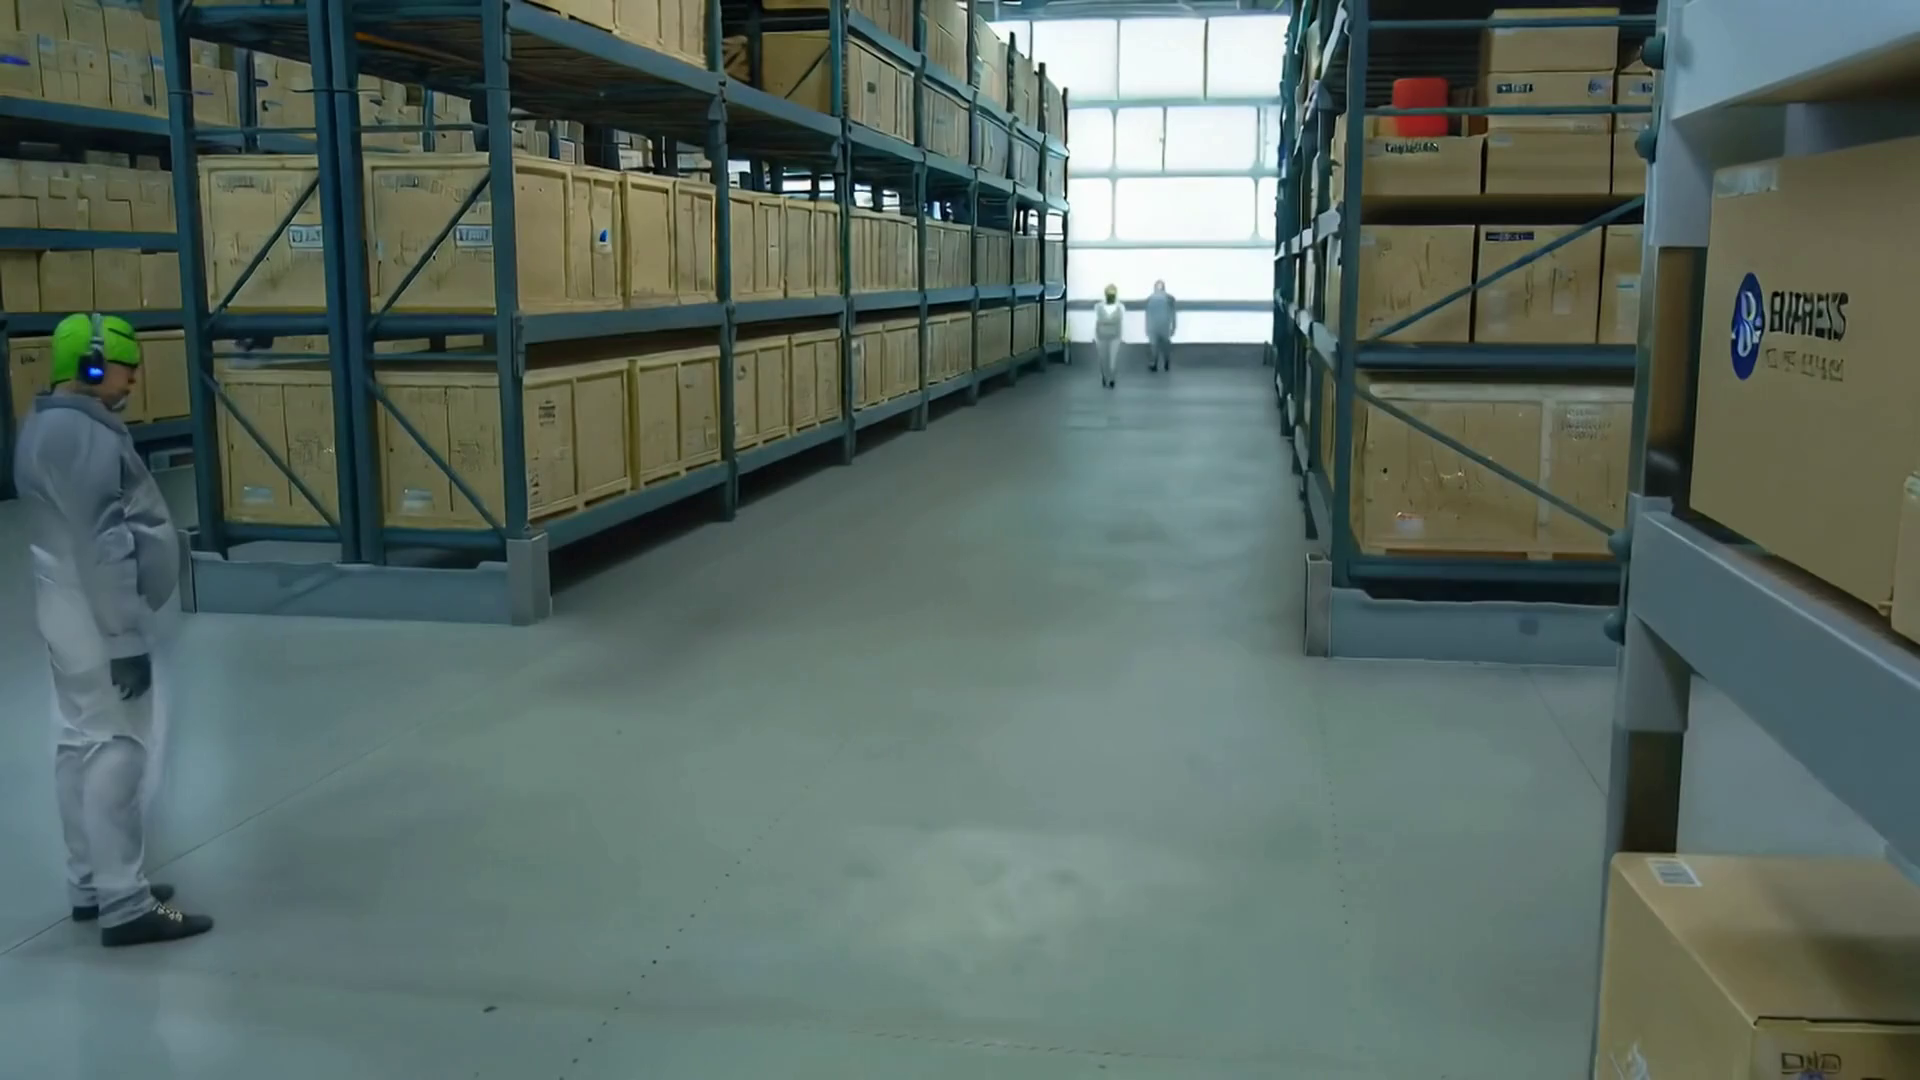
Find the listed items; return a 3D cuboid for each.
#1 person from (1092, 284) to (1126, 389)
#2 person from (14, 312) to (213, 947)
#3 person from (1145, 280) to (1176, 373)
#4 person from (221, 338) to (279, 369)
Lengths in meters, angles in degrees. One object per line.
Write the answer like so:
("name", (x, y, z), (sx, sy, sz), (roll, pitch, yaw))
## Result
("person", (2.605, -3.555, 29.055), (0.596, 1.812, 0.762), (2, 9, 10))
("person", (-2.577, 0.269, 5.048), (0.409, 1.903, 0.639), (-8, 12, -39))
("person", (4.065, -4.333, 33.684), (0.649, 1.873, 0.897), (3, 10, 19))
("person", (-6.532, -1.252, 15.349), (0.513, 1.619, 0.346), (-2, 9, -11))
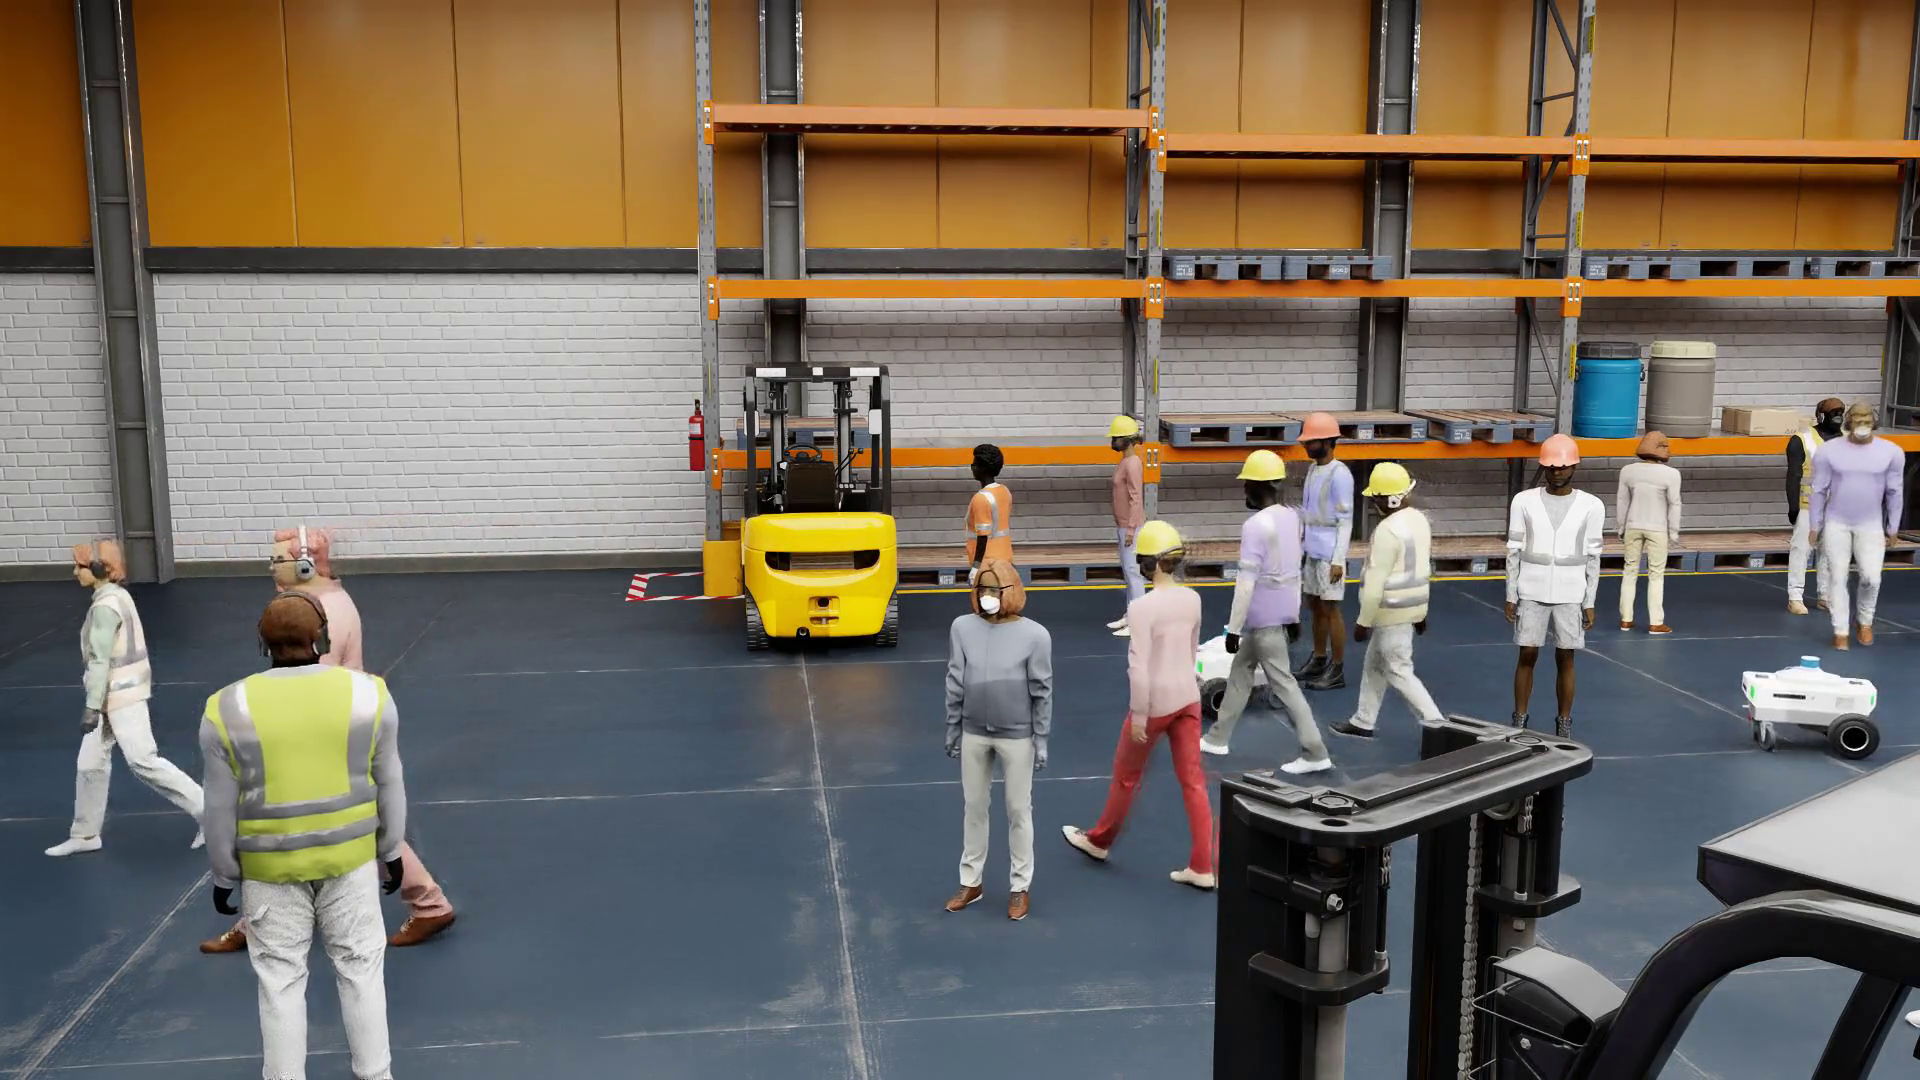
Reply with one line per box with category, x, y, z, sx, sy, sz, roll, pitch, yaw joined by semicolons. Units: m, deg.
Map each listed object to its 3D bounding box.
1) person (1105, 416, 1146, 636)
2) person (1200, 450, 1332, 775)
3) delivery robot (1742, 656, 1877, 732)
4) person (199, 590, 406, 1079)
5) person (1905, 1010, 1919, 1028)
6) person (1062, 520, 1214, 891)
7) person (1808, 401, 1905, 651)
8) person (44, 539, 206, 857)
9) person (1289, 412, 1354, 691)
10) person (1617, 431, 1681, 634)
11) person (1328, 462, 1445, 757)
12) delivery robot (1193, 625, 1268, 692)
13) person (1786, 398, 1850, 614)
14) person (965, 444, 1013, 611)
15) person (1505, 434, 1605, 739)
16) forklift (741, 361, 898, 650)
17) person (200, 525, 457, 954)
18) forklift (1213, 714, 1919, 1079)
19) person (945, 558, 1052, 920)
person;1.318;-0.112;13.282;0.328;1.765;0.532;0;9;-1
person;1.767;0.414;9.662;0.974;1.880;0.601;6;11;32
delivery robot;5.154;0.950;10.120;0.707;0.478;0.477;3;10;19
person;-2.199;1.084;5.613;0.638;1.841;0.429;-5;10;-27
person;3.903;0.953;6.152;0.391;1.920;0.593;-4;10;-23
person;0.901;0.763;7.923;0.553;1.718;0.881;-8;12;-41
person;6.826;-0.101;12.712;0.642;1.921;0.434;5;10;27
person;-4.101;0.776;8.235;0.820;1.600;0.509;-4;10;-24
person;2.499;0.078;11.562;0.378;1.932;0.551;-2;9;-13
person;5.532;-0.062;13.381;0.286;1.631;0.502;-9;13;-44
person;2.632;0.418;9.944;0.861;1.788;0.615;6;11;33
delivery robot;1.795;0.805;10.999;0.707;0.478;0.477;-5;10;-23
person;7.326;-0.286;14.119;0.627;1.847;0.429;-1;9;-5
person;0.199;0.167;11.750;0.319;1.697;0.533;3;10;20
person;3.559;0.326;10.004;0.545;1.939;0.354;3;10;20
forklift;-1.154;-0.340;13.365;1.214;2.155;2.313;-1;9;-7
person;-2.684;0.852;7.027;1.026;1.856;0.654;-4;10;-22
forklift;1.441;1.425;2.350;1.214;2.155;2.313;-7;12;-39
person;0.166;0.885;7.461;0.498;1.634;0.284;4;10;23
-*-*-
What you have to do: Would you copy each line above exactly as given, dropping any images?

Answer section:
Find the listed items; return a 3D cuboid for each.
#1 person from (1092, 284) to (1126, 389)
#2 person from (14, 312) to (213, 947)
#3 person from (1145, 280) to (1176, 373)
#4 person from (221, 338) to (279, 369)
Lengths in meters, angles in degrees. One object per line.
Write the answer like so:
("name", (x, y, z), (sx, sy, sz), (roll, pitch, yaw))
## Result
("person", (2.605, -3.555, 29.055), (0.596, 1.812, 0.762), (2, 9, 10))
("person", (-2.577, 0.269, 5.048), (0.409, 1.903, 0.639), (-8, 12, -39))
("person", (4.065, -4.333, 33.684), (0.649, 1.873, 0.897), (3, 10, 19))
("person", (-6.532, -1.252, 15.349), (0.513, 1.619, 0.346), (-2, 9, -11))
Reply with one line per box with category, x, y, z, sx, sy, sz, roll, pitch, yaw joined by semicolons. Units: m, deg.
Map each listed object to its 3D bounding box.
1) person (1105, 416, 1146, 636)
2) person (1200, 450, 1332, 775)
3) delivery robot (1742, 656, 1877, 732)
4) person (199, 590, 406, 1079)
5) person (1905, 1010, 1919, 1028)
6) person (1062, 520, 1214, 891)
7) person (1808, 401, 1905, 651)
8) person (44, 539, 206, 857)
9) person (1289, 412, 1354, 691)
10) person (1617, 431, 1681, 634)
11) person (1328, 462, 1445, 757)
12) delivery robot (1193, 625, 1268, 692)
13) person (1786, 398, 1850, 614)
14) person (965, 444, 1013, 611)
15) person (1505, 434, 1605, 739)
16) forklift (741, 361, 898, 650)
17) person (200, 525, 457, 954)
18) forklift (1213, 714, 1919, 1079)
19) person (945, 558, 1052, 920)
person;1.318;-0.112;13.282;0.328;1.765;0.532;0;9;-1
person;1.767;0.414;9.662;0.974;1.880;0.601;6;11;32
delivery robot;5.154;0.950;10.120;0.707;0.478;0.477;3;10;19
person;-2.199;1.084;5.613;0.638;1.841;0.429;-5;10;-27
person;3.903;0.953;6.152;0.391;1.920;0.593;-4;10;-23
person;0.901;0.763;7.923;0.553;1.718;0.881;-8;12;-41
person;6.826;-0.101;12.712;0.642;1.921;0.434;5;10;27
person;-4.101;0.776;8.235;0.820;1.600;0.509;-4;10;-24
person;2.499;0.078;11.562;0.378;1.932;0.551;-2;9;-13
person;5.532;-0.062;13.381;0.286;1.631;0.502;-9;13;-44
person;2.632;0.418;9.944;0.861;1.788;0.615;6;11;33
delivery robot;1.795;0.805;10.999;0.707;0.478;0.477;-5;10;-23
person;7.326;-0.286;14.119;0.627;1.847;0.429;-1;9;-5
person;0.199;0.167;11.750;0.319;1.697;0.533;3;10;20
person;3.559;0.326;10.004;0.545;1.939;0.354;3;10;20
forklift;-1.154;-0.340;13.365;1.214;2.155;2.313;-1;9;-7
person;-2.684;0.852;7.027;1.026;1.856;0.654;-4;10;-22
forklift;1.441;1.425;2.350;1.214;2.155;2.313;-7;12;-39
person;0.166;0.885;7.461;0.498;1.634;0.284;4;10;23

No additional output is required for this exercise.